RECSLIDER |
||||
| Overview RECSLIDER is a program that calculates the population recombination (cross-over) rate parameter rho (4Nr) per bp from population variation data over a "sliding window". RECSLIDER calculates rho using the program MAXDIP, but it does so for overlapping subsets, or windows, of the data, so that variations in the recombination rate across a surveyed region can be measured. The windows of RECSLIDER are defined in terms of a fixed number of polymorphic sites, instead of a fixed number of base pairs, but the estimate of rho for each window is normalized by the size of the window, thus giving a rho per base pair result. RECSLIDER can be used in either one of two ways. In the first way (Step 1 below), the user specifies only a minimum window size and RECSLIDER performs the sliding window analysis just once. The resulting output gives rho per bp estimates as a function of median window position. The results are returned to the user in a tab-delimited text file, which can later be imported into a program like Excel to generate sliding window plots.

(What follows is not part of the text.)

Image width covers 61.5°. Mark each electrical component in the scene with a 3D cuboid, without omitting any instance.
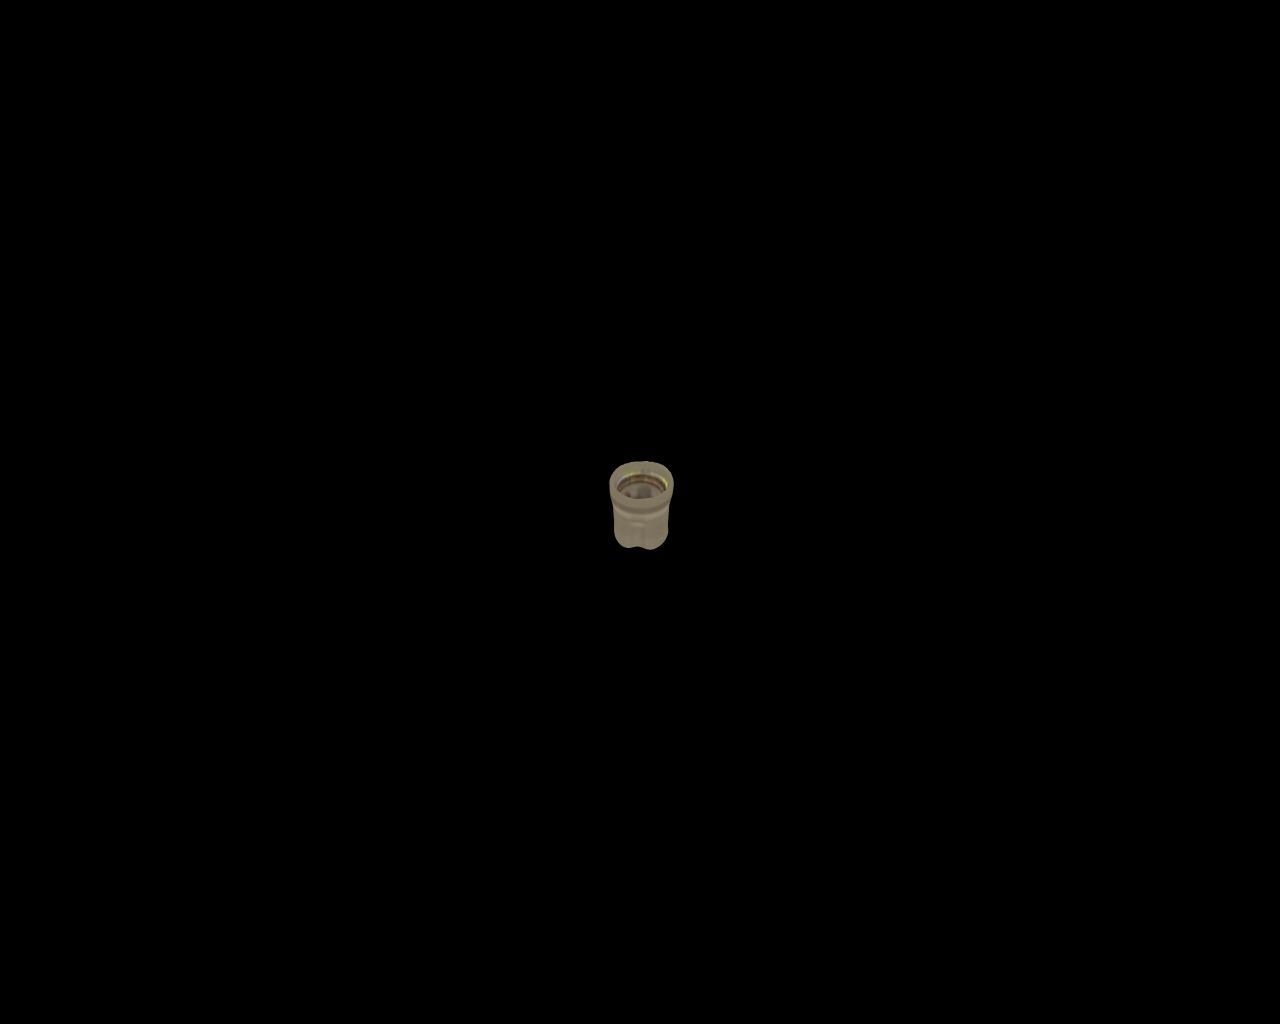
[{"bbox_3d":[0.001,-0.003,0.650,0.040,0.046,0.040,0,39,0],"label":"electrical component"}]

Alternatively, the user can specify both a minimum window size and a maximum window size. RECSLIDER will then perform the sliding window analysis iteratively over all window sizes in this range. This second method is useful for identifying possible "hotspots" or "coldspots" of recombination, because RECSLIDER will also search the results for the largest window in which the recombination rate is either greater than or less than a user-specified rho cutoff (Step 2 below). This type of analysis can also be run with the option to test the statistical significance of the hotspot/coldspot results (Step 3 below). By performing coalescent simulations, based on user-specified parameters, RECSLIDER will estimate the probability that a window of the discovered size or greater has a rho value equal to at least (at most) the hotspot (coldspot) cutoff. It is strongly recommended that users first read Wall et al. (2003) before performing a hotspot (coldspot) search. Rho cutoffs should be specified before the analyses, or else the estimated significance levels may be anti-conservative.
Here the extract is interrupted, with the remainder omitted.